Scraping and bots are for search engines listing, technology tests / experiments, advert / audience measurements, brand protection, IP tracking, copyright enforcement, screenshots for links on other websites (i.e. Facebook), Pinterest linkbacks, training of LLMs (my hypothesis on Bing's massive increase), spam, etc, etc.
With the search engine value lowered by less traffic, yet a solid community still growing via word of mouth... the rest of those things offer no value to me or the community. So I asked the community, what do you want to do here? Leave them all? Ban some? Ban all? Some midway thing?
Almost unanimously the community (who fund the costs by donations, and at least 30% of all traffic and costs were known to be associated to bots) chose to block every bot.

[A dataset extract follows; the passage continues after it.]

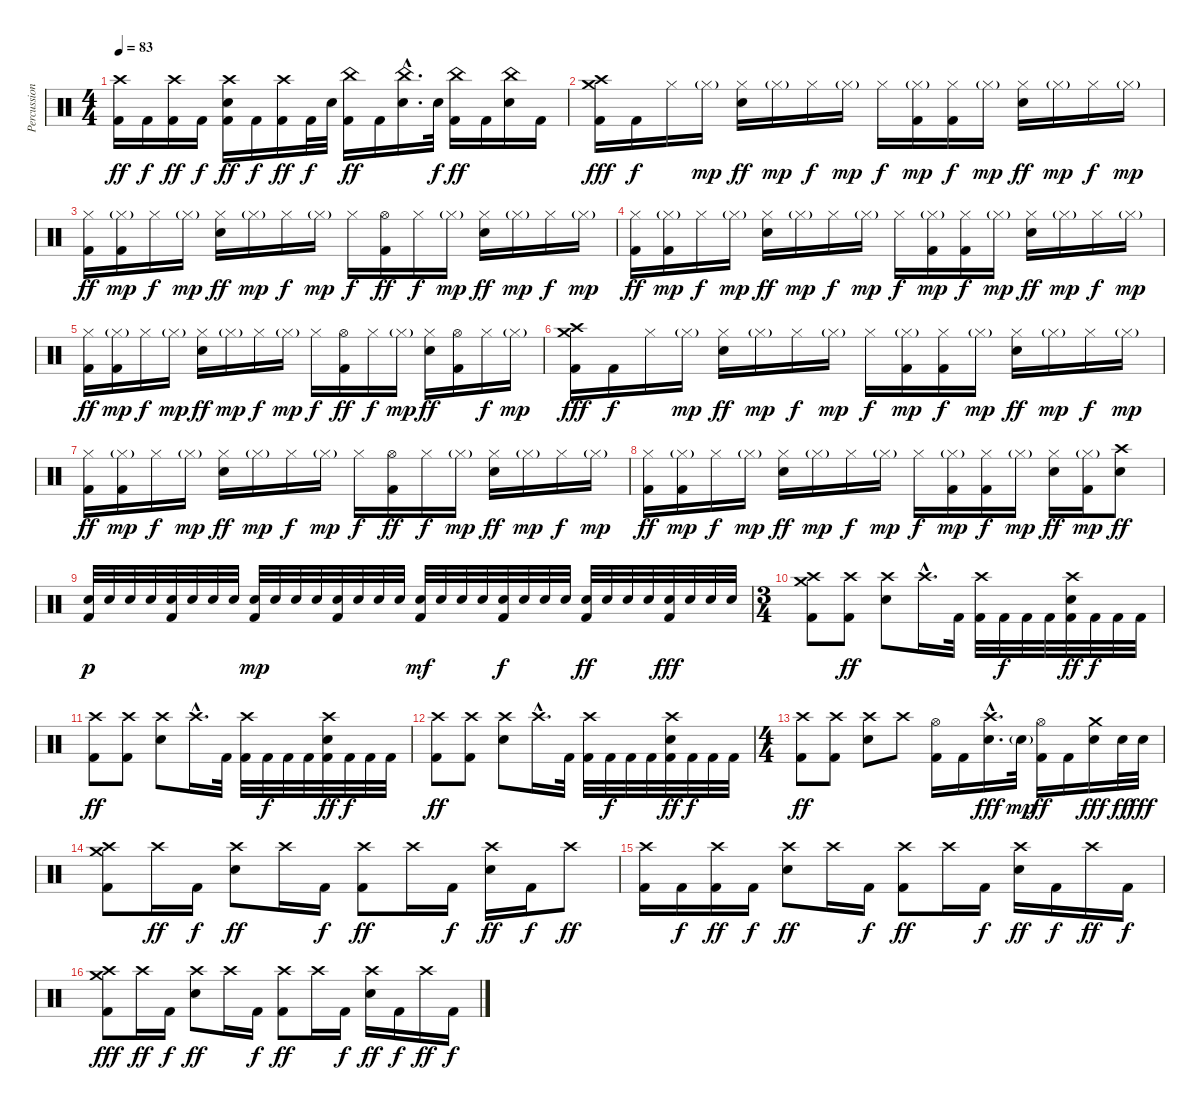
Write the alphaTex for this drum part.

So that's what we've done.
We've blocked every major hosting and Cloud ASN, or put a challenge up to the few known to be proxies (i.e. Google Data Saver), and we've blocked hundreds of bot user agents, we've blocked requests where no Accept header was present where it should be, we've blocked TLS ciphers that aren't modern web browsers — I looked at requests by Python, Go, Curl, Wget, etc... and blocked everything that obviously differed from a valid browser.
In the end we blocked about 40% of our traffic, and so far not a single real human has said (and it's a tight-knit but large community with lots of ways of contacting me) that they've had any issue at all.
We appear to have reduced our traffic and associated costs, with no loss to us at all.